The Chronicle of Higher Education  POINT OF VIEW (4/16/99 )

Student: "I love history and want to go on for a doctorate. I have great grades and a fine score on my G.R.E. Will you take me?"

University professor: "Sorry, my forecast for employment opportunities for Ph.D.'s indicates that you are not likely to find an academic job five to seven years from now, so we can't permit you to pursue your doctorate at this time."

Is that what we've come to? Faculty members at prestigious graduate programs worrying not only about whether they train students well in their disciplines, but also about how to turn themselves into labor-market specialists? Arrogantly, we propose to tell aspiring Ph.D. students that we know so much about the job market that we will deny them the right to pursue a graduate degree in the field they are passionate about.

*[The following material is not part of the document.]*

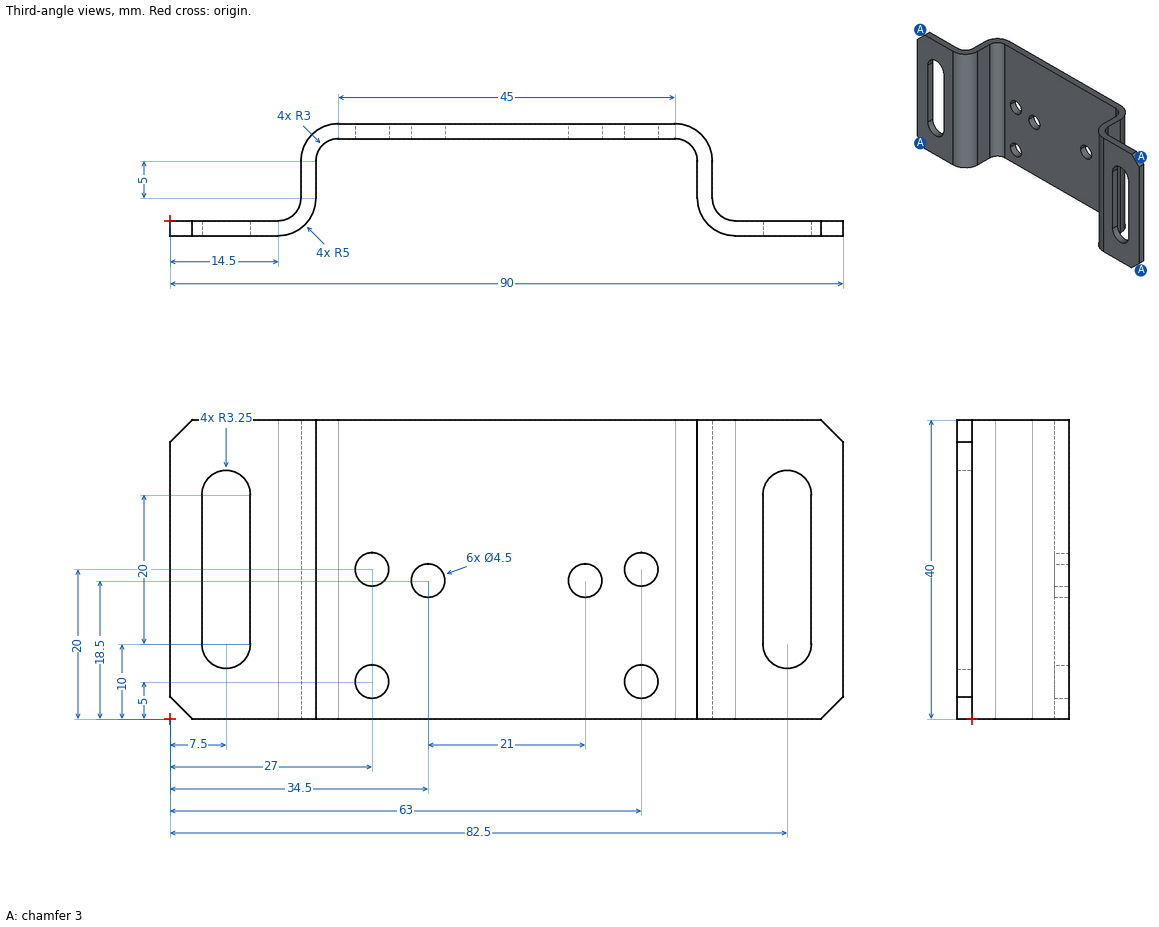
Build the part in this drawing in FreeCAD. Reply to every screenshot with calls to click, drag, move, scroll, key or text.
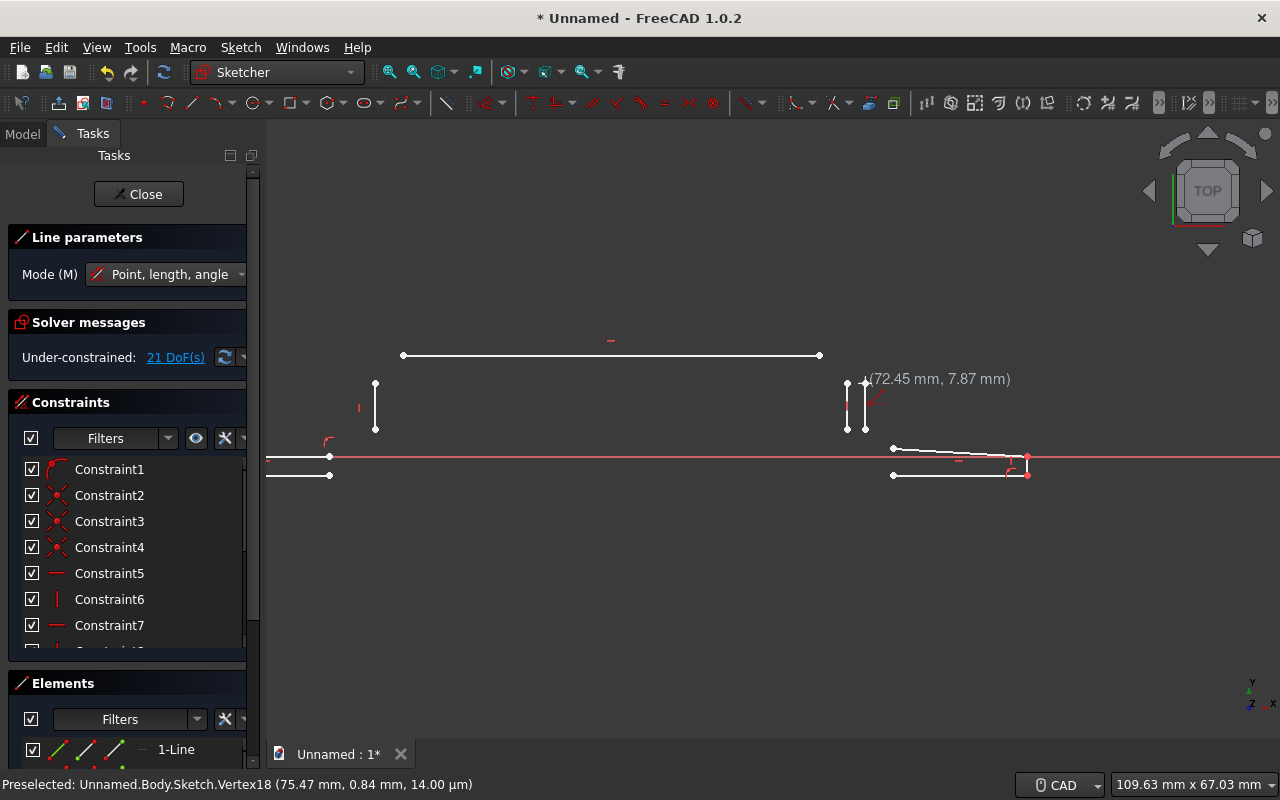
click(819, 337)
click(403, 337)

The Chronicle recently reported that graduate departments at Columbia, Duke, Indiana, and Washington Universities, and at the Universities of Chicago and of Michigan are among those limiting the number of incoming doctoral students on the basis of academic-job-market projections, or according to the number of doctoral students whom the university can financially support. The latter condition is really just a corollary of the former: The assumption is that, if newly minted Ph.D.'s won't be able to get academic jobs, they shouldn't be expected to pay for the advanced portion of their education. The trend, which has emerged over the last several years, is particularly marked in the social sciences, the humanities, and the arts.

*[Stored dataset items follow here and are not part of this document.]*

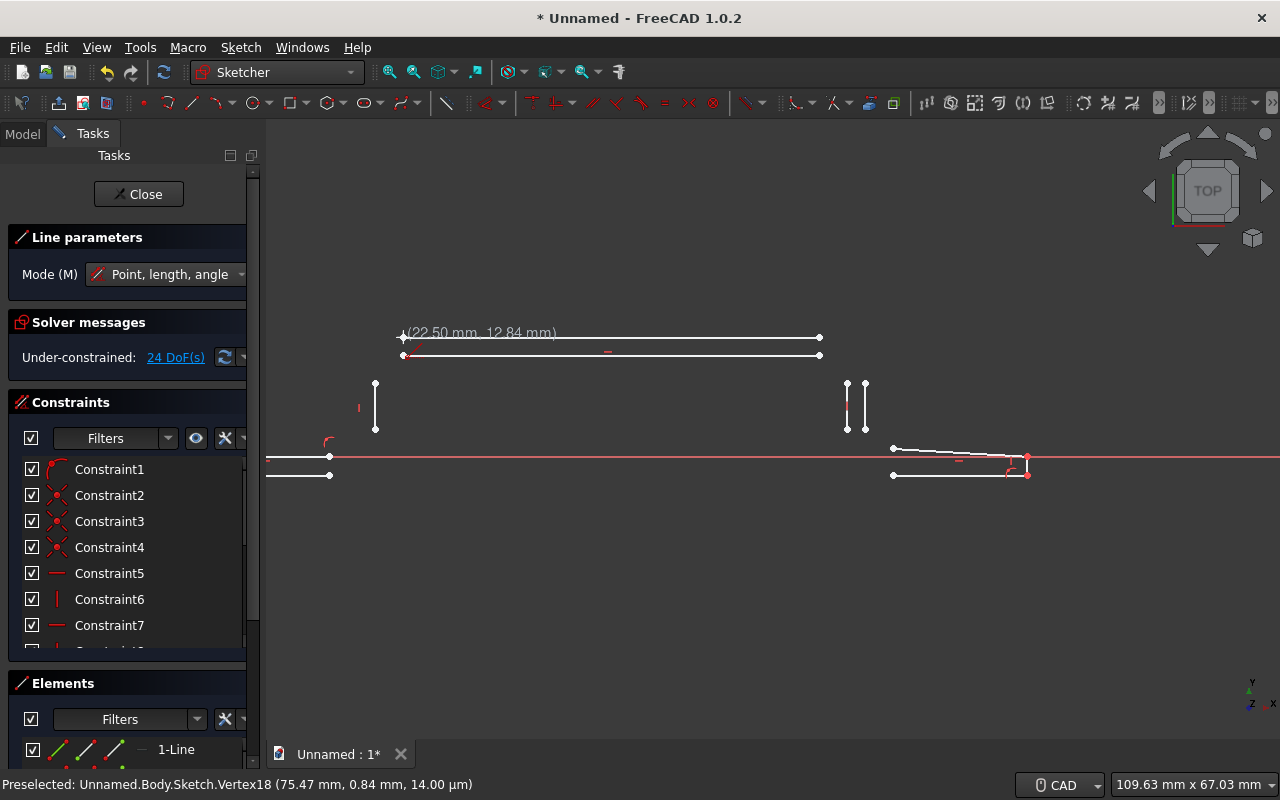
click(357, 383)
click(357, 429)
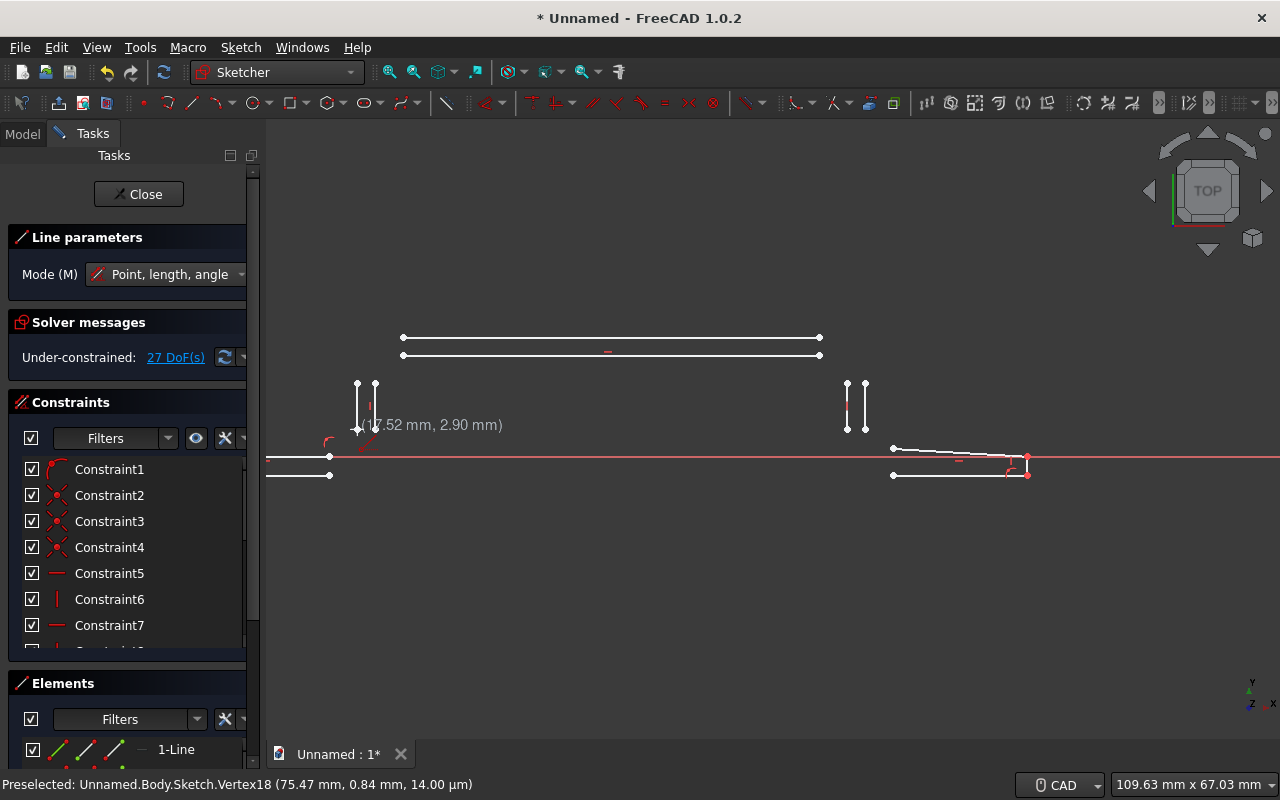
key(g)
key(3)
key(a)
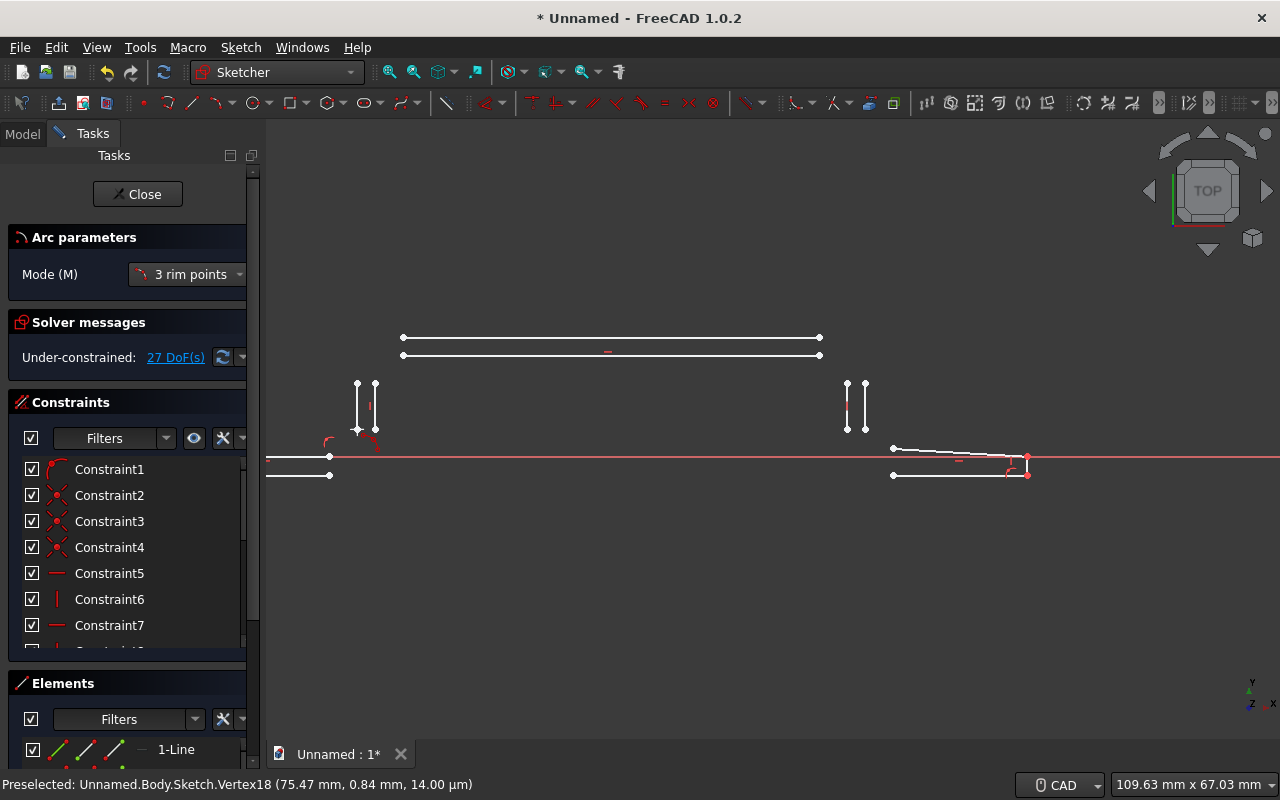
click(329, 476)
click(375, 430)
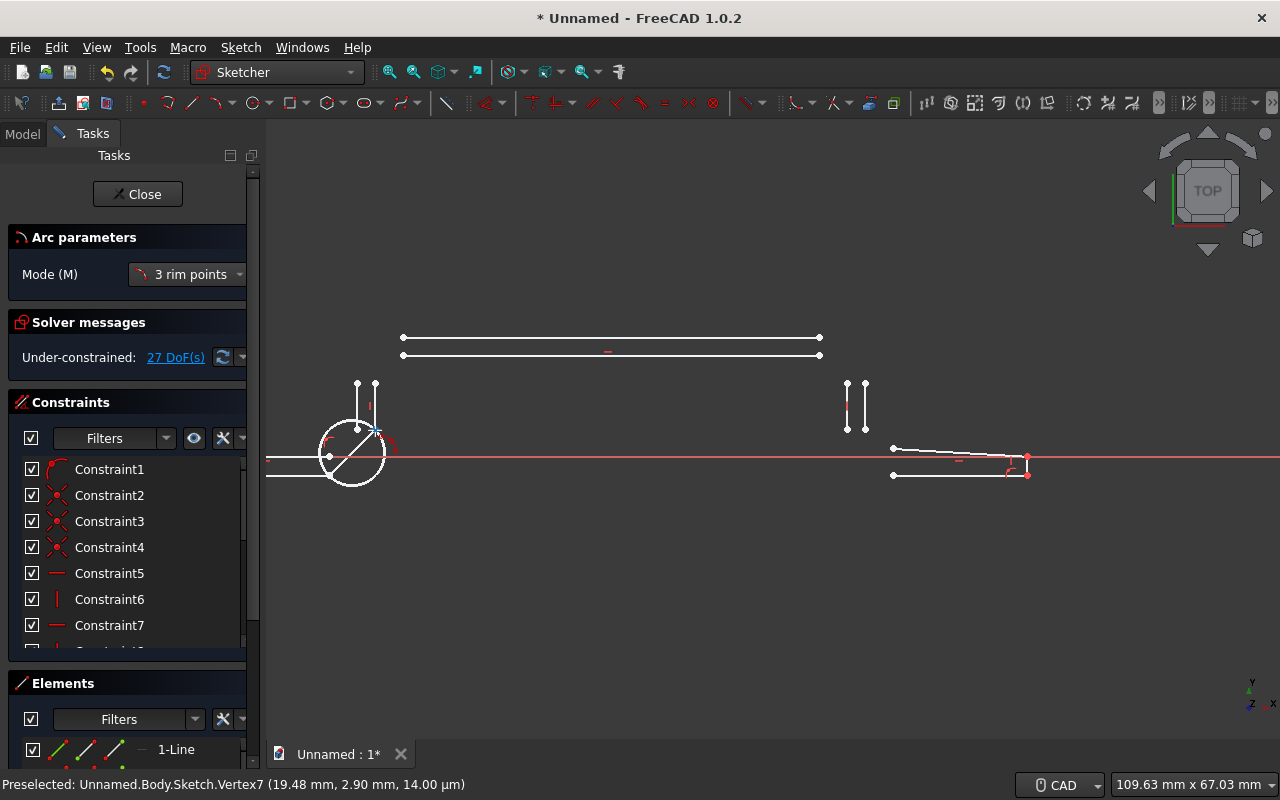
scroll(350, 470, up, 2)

That's nonsense. What gives the university the ability to estimate future needs for Ph.D.'s, and by what authority does the university implicitly tell aspiring students which jobs they should pursue if they earn a Ph.D.? Does every Ph.D. in history have to end up a tenured professor of history at a research university? Is it a bad end for a Ph.D. to teach at a high school or a community college? Is it beneath the standing of a prestigious university to produce Ph.D.'s who might end up in business? Something is very wrong with this picture.

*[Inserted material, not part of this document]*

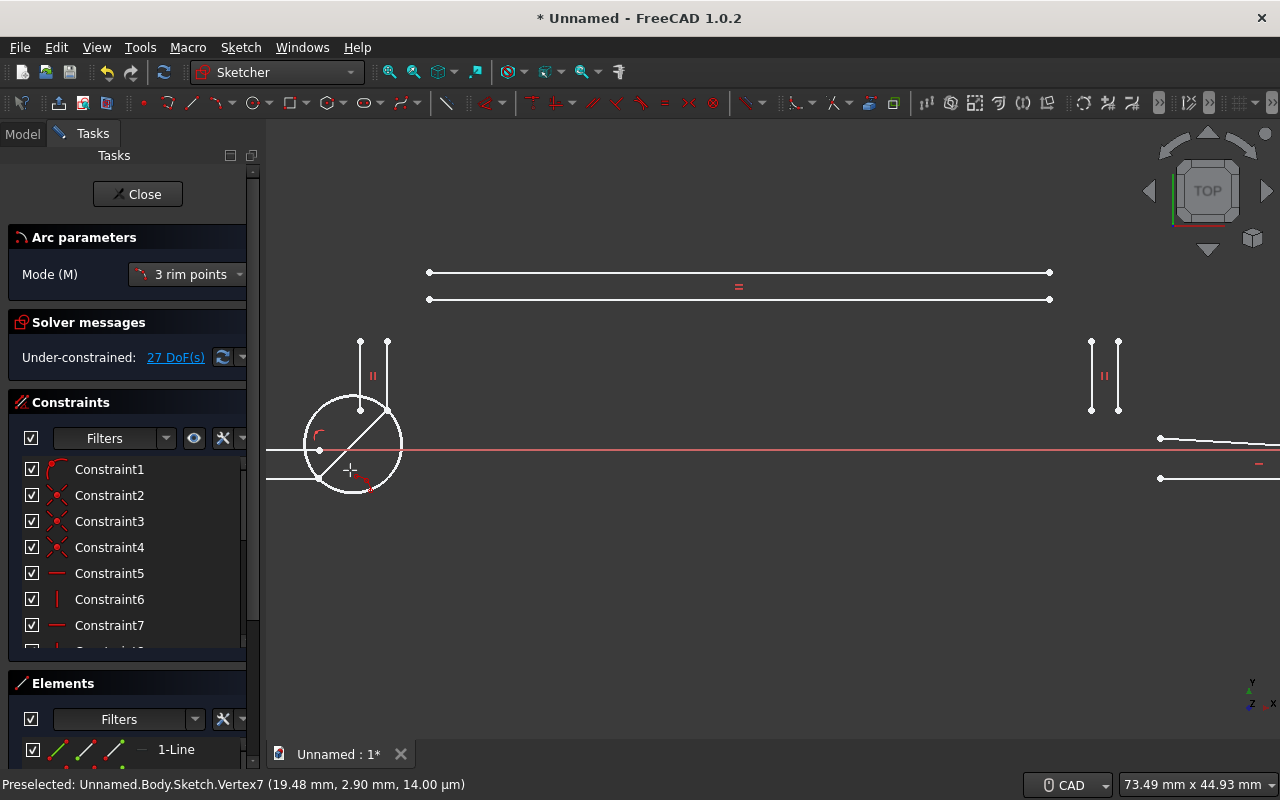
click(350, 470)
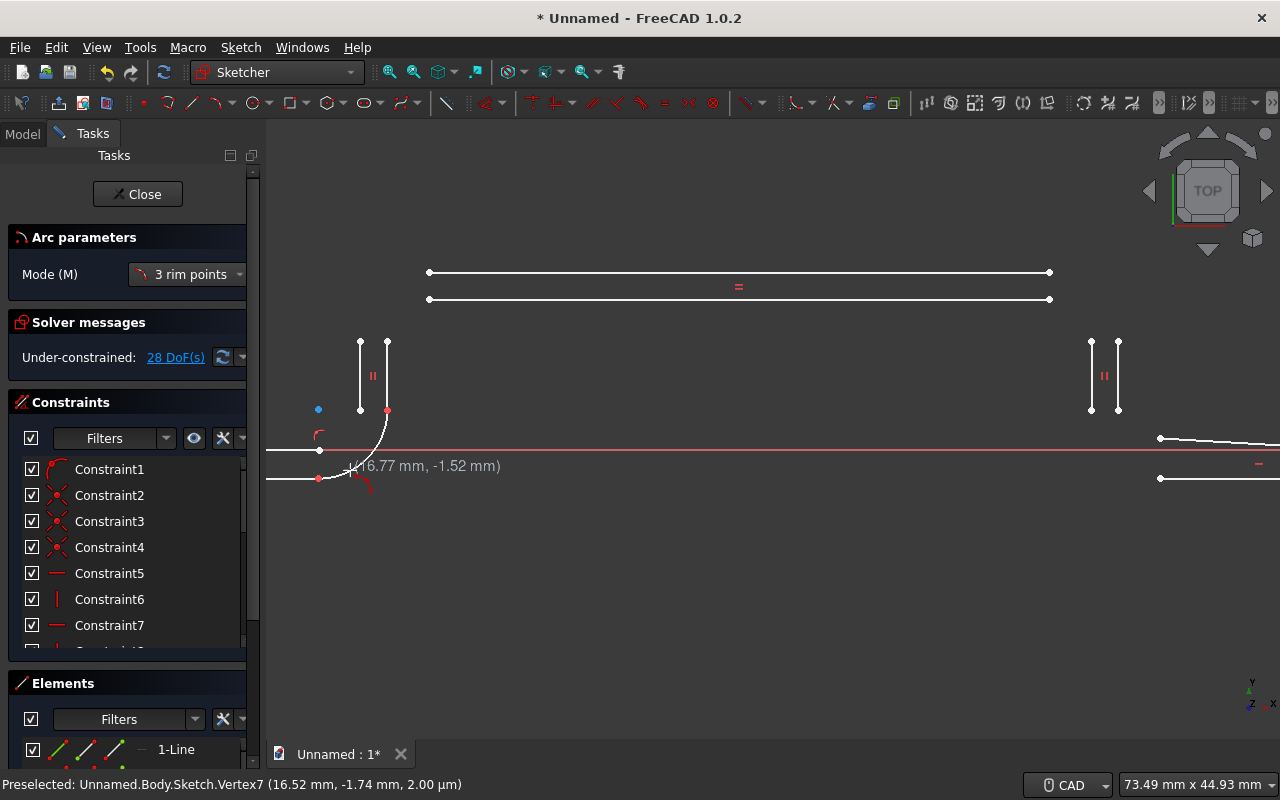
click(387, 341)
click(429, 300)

Academics often engage in policy conversations from too narrow a perspective. We sometimes think that what the academy sees as important, critical, and significant is what the world sees -- or, at least, what it should see. If we note a shortage of good academic jobs for our Ph.D. graduates in various fields, we feel bad because those graduates have difficulty finding jobs like our own. We do not ask whether the world needs or wants more people just like us.

Moreover, we refuse to admit that we cannot actually do anything about the job market, because it responds to economic forces beyond our control. So, rather than acknowledge that managing the job market is not our business, we overreact, saying to recent graduates of doctoral programs and to current doctoral students: "Look, we are concerned about your job prospects today, so we will help you by restricting the supply of Ph.D.'s tomorrow."

I don't know if we're kidding our students, but we're certainly kidding ourselves. Trying to influence the market for those doctoral students who will be applying for junior faculty positions seven years from now won't help today's new Ph.D.'s. Besides, the market seven years from now is almost impossible to predict. We can make as good a case that demand will rise -- for example, as a result of the retirement cycle -- as we can that demand will decline because of undergraduate and graduate enrollment extrapolations, increased reliance on part-time faculty members, or what have you.

Nonetheless, we have to say something to our students who are graduating today with a Ph.D. and, perhaps, no academic job lined up. So we say, "Gee, times are tough, and we don't want to repeat our error by allowing people like you to risk not getting a job in the future." Of course, the irony is that, just as we make our dire predictions, publications like The Chronicle report that this year's academic job market is the best it's been for a long time.

Moreover, in our self-centered haughtiness, we forget that many other employers besides colleges and universities hire Ph.D.'s. Advertising, business, public relations, banking, publishing, and an endless list of other enterprises do so, and, amazingly enough, many of those employers pay -- can you imagine? -- better than academe. Elementary and secondary schools need better teachers, we say. So why not supply well-trained Ph.D.'s to teach our children? Community colleges teach more and more of our undergraduates. So why not prepare well-trained Ph.D.'s to teach those students?

Don't we also have an obligation to current undergraduates who love their academic fields and consider pursuing them at an advanced level an enriching experience? Let me check my notes, but isn't that what higher education is primarily about? Sure, tell them about the current academic job market, but then let them study what they want to study. That is their choice, not ours.

The University of Florida has the resources to give qualifying applicants financial support, and the faculty members and facilities to help educate them. The university welcomes graduate students who want to study and learn, to acquire advanced knowledge and academic skills, whatever the students' long-term, professional goals. We encourage students to get Ph.D.'s and other advanced degrees, because we believe that graduate education is good for students, good for our state, and good for our nation.

We think America has too few people with advanced training, and too few Ph.D.'s in most fields. We also know that too few women and members of minority groups earn doctorates. And so we are enthusiastically expanding our doctoral and other graduate programs.

We provide extensive support for students in their search for employment, but we're not an employment agency.